● Input material:
= = = =
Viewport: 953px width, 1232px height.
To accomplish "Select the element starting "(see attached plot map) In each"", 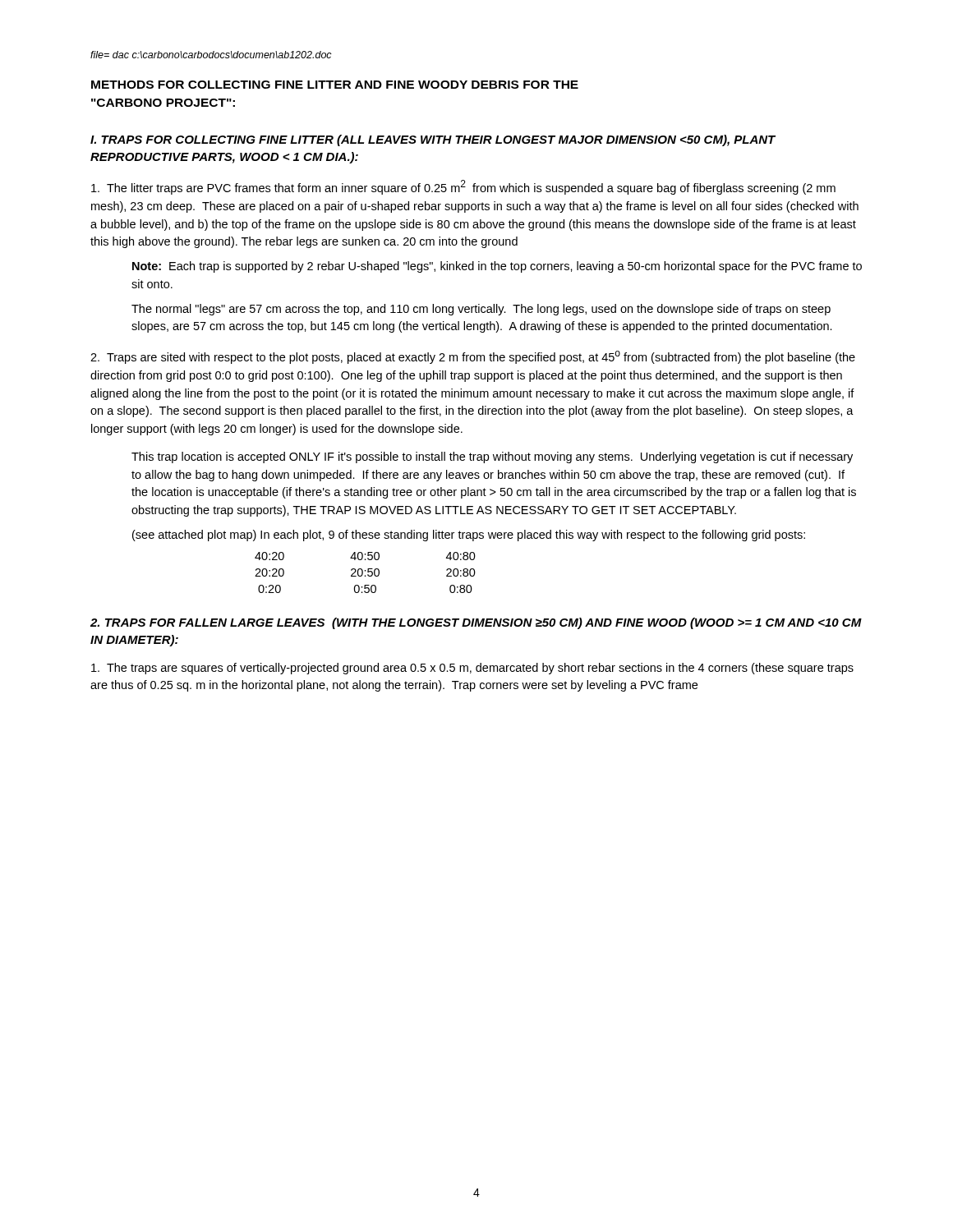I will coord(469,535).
= = = =
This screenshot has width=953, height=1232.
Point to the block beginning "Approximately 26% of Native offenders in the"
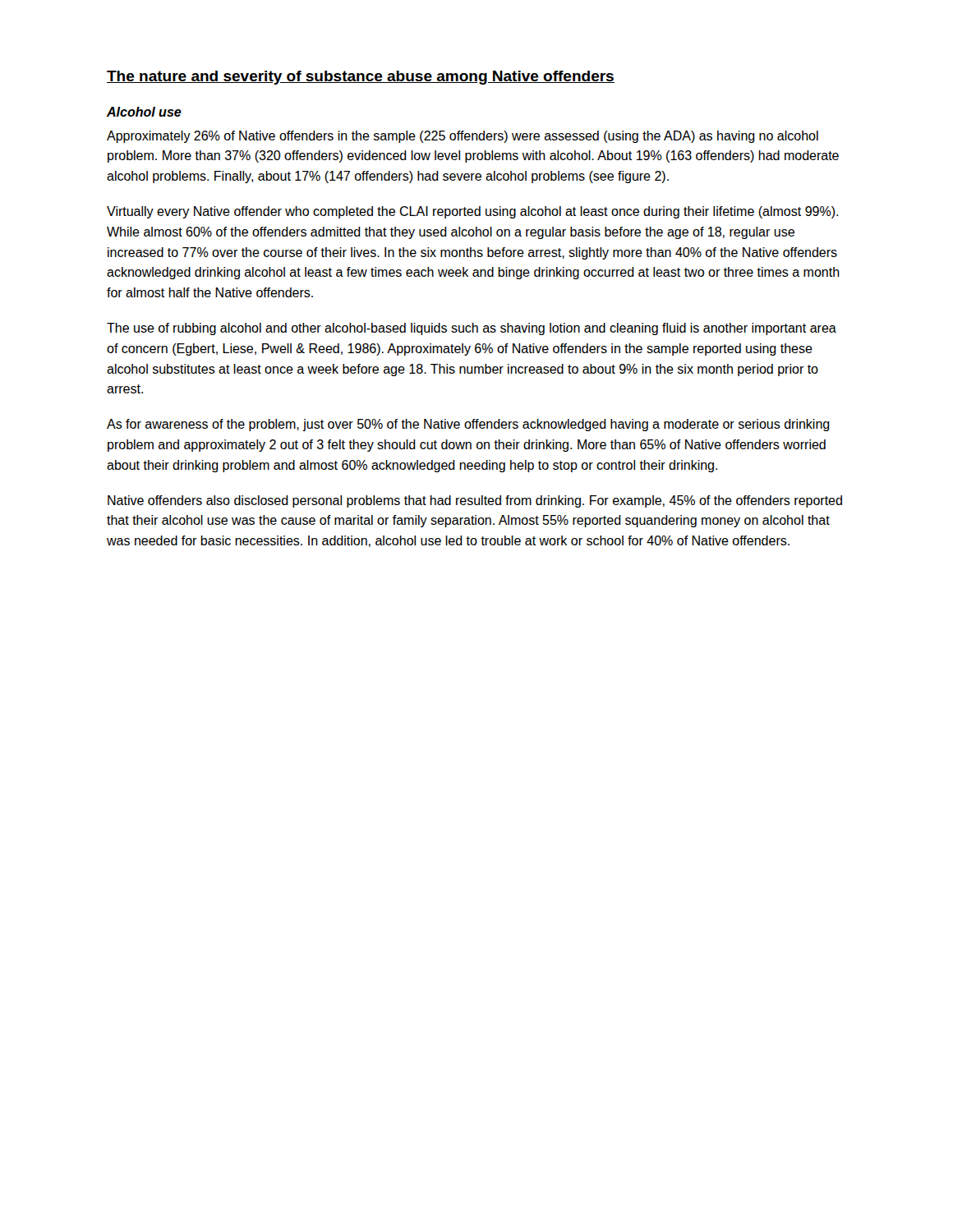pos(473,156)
= = = =
● What is needed:
Looking through the entries, count the lines that hold the word "width" and state that count alone.

● Exercise response:
2